The monitoring in Ethiopia [17] mentioned that three spray planes crashed, of which one was loaded with an unquantified amount of unspecified insecticide, causing the death of the pilot. The crash site in Arsi Zone, Shirka Woreda, in the middle of agricultural fields, was subsequently fenced and treated with compost to enhance the biological degradation of the spilt insecticide. Results from this, as well as if any residue analysis was carried out, remain unknown. Furthermore, the emptying of twenty 200-litre drums of chlorpyrifos (4000 L) by burglars and subsequent theft of these and 18 empty drums near the western border of Borena National Park was reported. This site was also fenced, ploughed, treated with compost and watered. The results of any follow-up activities, such as residue analysis of soil and groundwater are unknown [17].

3.2.2. Pollinators and Apiculture

During the 2003–2005 DL upsurge, it was found that in Senegal, the loss of pollination was the second most significant externality amounting to €1790,112 at 2007 prices [63]. A logical recommendation stemming from this important finding would have been restrictions on the use of bee-toxic compounds in future upsurges and, if such compounds were deemed necessary, informing beekeepers to protect their hives during treatments. The monitoring reports by Mutia [15,16] and Lemma [17] confirmed that communication with communities was poor. In Ethiopia, precautionary measures were neither taken by beekeepers nor by the field staff of the Ministry of Agriculture [17].
Of note, honeybees are one among many bee species present in treated landscapes. The drylands of the Horn of Africa are some of the world’s most diverse areas for the pollinator. Hundreds of species have been collected from just a single location in Turkana, Kenya [69]. Despite the paucity of quantitative data from Kenya, there is evidence of an impact of DL control on bees. One beekeeper in East Samburu County in 2020 reputedly lost all bees in four out of his five hives, whereas the numbers in the fifth had considerably decreased in the days following both aerial and ground spraying against DL [70]. The products sprayed were not reported. Furthermore, ground treatment with 170 L of fenitrothion 960 g a.i./L on a 5 ha area (32,640 g a.i./ha; recommended dose rate 400 g a.i./ha) unsurprisingly resulted in heavy bee mortality with 1296 dead bees counted in the four hives that were inspected in Samburu County [15]. A beekeeper in Kitui County, possessing 25 hives since 2009, stated that in 2020 honey production in his hives dropped from 7–10 kg per hive to 3–7 kg or a reduction of about 30–40%. Another beekeeper from Makueni County also found a reduction in honey production from mid-2020 onwards [71].
Based on the type and quantities of insecticides used, the timing of spraying and the presence of hives, Worku et al. [62] highlighted that DL control in Ethiopia was expected to have a detrimental effect on honeybee colonies, honey yield as well as quality due to the loss of pollen and nectar and chemical spray hazards (see also Figure 2).
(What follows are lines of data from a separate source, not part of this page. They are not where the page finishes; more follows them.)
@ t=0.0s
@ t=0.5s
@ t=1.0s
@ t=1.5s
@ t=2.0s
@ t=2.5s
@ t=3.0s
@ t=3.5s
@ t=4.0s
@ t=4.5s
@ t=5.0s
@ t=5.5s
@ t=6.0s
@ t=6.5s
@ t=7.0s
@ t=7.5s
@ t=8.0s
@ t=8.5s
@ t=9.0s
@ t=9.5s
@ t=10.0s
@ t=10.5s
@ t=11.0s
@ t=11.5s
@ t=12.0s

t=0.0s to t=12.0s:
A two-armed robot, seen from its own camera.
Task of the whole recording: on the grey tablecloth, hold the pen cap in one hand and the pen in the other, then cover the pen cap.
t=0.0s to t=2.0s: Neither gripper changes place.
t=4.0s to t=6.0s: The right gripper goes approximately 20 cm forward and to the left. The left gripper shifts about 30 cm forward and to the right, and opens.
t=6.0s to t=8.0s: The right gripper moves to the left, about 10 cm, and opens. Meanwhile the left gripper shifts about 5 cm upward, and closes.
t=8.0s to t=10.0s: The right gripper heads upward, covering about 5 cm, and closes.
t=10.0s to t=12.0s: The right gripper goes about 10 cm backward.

Honeybees are exposed to chemicals not only through spray but also through residues in pollen and nectar. The impact on honeybee colonies includes mortality, delayed brood development, and reduced adult longevity [62]. This was confirmed by data presented by Lemma [17], who reported significant mortality in honeybees after the use of chlorpyrifos 240 g/L and malathion 925 and 960 g/L in Ethiopia. In two districts in South Omo Zone (Male and Hamer) in Southern Nations, Nationalities, and Peoples’ Region, 1329 hives were found empty. In a random sample in the Male Woreda of 57 hives of six beekeepers, 53 (93%) were found affected by locust spraying, whereas, of 50 hives of a single owner far from sprayed areas, only one had mortality. In Eastern Haraghei, Oromia, the loss of five hives was reported [17].
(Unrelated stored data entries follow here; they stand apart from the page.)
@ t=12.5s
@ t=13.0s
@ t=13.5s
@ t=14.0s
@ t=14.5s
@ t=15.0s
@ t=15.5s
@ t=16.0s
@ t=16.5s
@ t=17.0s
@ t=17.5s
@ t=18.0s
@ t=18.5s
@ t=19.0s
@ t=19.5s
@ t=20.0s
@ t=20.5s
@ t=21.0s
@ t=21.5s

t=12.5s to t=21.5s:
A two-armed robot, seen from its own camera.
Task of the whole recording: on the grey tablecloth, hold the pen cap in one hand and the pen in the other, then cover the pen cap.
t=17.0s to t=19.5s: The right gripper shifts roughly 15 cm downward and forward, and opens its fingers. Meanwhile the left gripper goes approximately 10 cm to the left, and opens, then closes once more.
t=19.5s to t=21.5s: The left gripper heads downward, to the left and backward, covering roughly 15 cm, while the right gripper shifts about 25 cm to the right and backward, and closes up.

Unfortunately, these reports lack scientific rigour by only presenting circumstantial evidence and not testing for a causal relationship between colony health and DL control. Nevertheless, while the aforementioned limitations and other factors such as drought or locusts devouring flowering plants and causing pollen and nectar loss must be factored in, the balance of probability of wide-spread adverse effects on pollinators remains very high given the choice of insecticides, the application by inexperienced agents in both Ethiopia and Kenya, gross overdosing as has been shown during monitoring (Figure 3) and the lack of precautionary measures [15].
Of note, historically, Ethiopia has been the largest natural honey producer in Africa and ranks within the top ten producing countries in the world [72]. Ethiopia relies heavily on conventional apiary systems, in which approximately 96 percent of all hives fall into the traditional class [73]. There are approximately 15,000 honeybees per average hive, each yielding an average of 9 kg of honey per annum [73]. According to both Gratzer et al. [73] and Muhammed [74], Ethiopia has 0.91 beekeepers/km2, 6.01 colonies per beekeeper and 5.60 colonies/km2 from a total rural area of 1.12 million km2, implying a total of 1.01 million beekeepers, with each possessing an average of 6.9 hives as of 2020.
As shown in Figure 4, official data reported by Ethiopia as published in FAOSTAT [72] from 2010 to 2018 reveal that annual national honey production was growing at an average of 4% per annum, but in 2019 and 2020, honey production precipitously fell by a combined 46 million tonnes or 78%, while hive numbers were stable in both years at around 7 million, suggesting that the collapse in production was not due to a contraction in sector size, but a result of an impact on honeybees. Since there were no notable increases in predation or pathogen prevalence during the upsurge [75], the plausible causal factor contributing to such a dramatic decline was the pervasive use of chemical insecticides to control the DL upsurge, reaffirmed by the aforementioned survey data reported for the country.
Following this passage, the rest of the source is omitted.